On Question, Whether the said amendment (No. 1) shall be agreed to?
Their Lordships divided: Contents, 34; Not-Contents, 145.
Resolved in the negative, and amendment disagreed to accordingly.
12.12 p.m.
Lord Monson moved Amendment No. 2:
The noble Lord said: My Lords, when at Report stage we debated subsection (3) of Clause 4 as it then was, and subsection (4) of Clause 5 as it now is, I moved an amendment that would have slightly improved the grammar of the eccentrically worded paragraph (b), to make it at least a little more comprehensible to those who will have to interpret it in the future. However, it became evident in the course of that debate that the confusing paragraph (b) is not necessary, and that therefore by far the better course would be to delete it all together.
In the course of the Report stage debate, the Minister confirmed my tentative interpretation of the Explanatory Notes; namely, that unless the under-16s are the parents of the child, those under 16 at the time of the offence will be totally, unconditionally exempt from prosecution whatever the circumstances.

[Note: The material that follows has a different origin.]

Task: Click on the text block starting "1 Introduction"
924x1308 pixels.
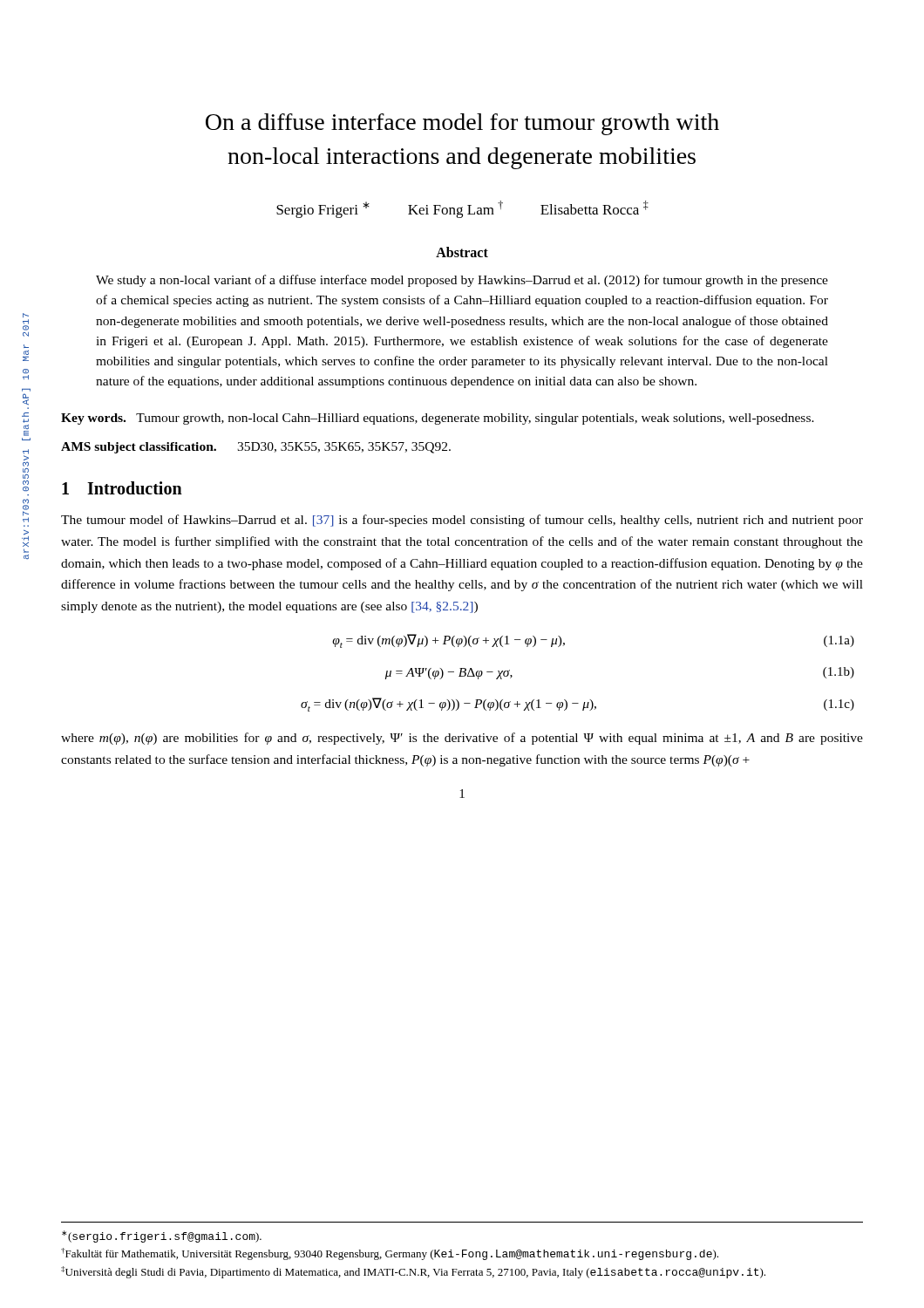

In other words, even if the under-16s are physically strong enough and mentally tough enough to intervene to try to stop the crime, they will be under no legal obligation to do so and accordingly could never be prosecuted.
I suppose that it could be argued that paragraph (b) provides some sort of philosophical justification for paragraph (a), but it is not normal to pad out Acts of Parliament with philosophical explanations; otherwise the statute book would be three times as bloated as it already is. Those sorts of explanations are the job of the Minister in charge of the Bill, assuming the Bill is a government one, at Second Reading and as and when necessary at subsequent stages of the Bill, together of course with the aid of the Explanatory Notes accompanying the Bill.
Having said that, within the past three minutes, literally, I have received a letter from the Minister which seems to refute some of what I have to say. She argues that paragraph (b) is necessary, and no doubt she will come to that when she replies. She argues that despite the apparent wording of paragraph (a), there might be circumstances in which someone could be prosecuted once they are 16 for something that they did not do when they were not yet 16. That is not the way that I look at paragraph (a). However, I am not a lawyer and she is; she obviously has the upper hand here.
Anyhow, if the provision is indeed necessary to prevent an unjust prosecution then perhaps it had better stay in, although I should hope that the other place would tidy up the wording and the grammar to make it easier to understand and less confusing. However, if it is not necessary, it is surely in the public interest to remove anything that is redundant and possibly confusing. I beg to move.
Lord Renton: My Lords, Clause 5, as I said at an earlier stage of the Bill, is unacceptably drafted. I do not like this method at all. I think that the way in which it is being used will cause confusion. Amendment No. 2 helps to simplify the drafting a little. I hope that the Government will regard it with sympathy.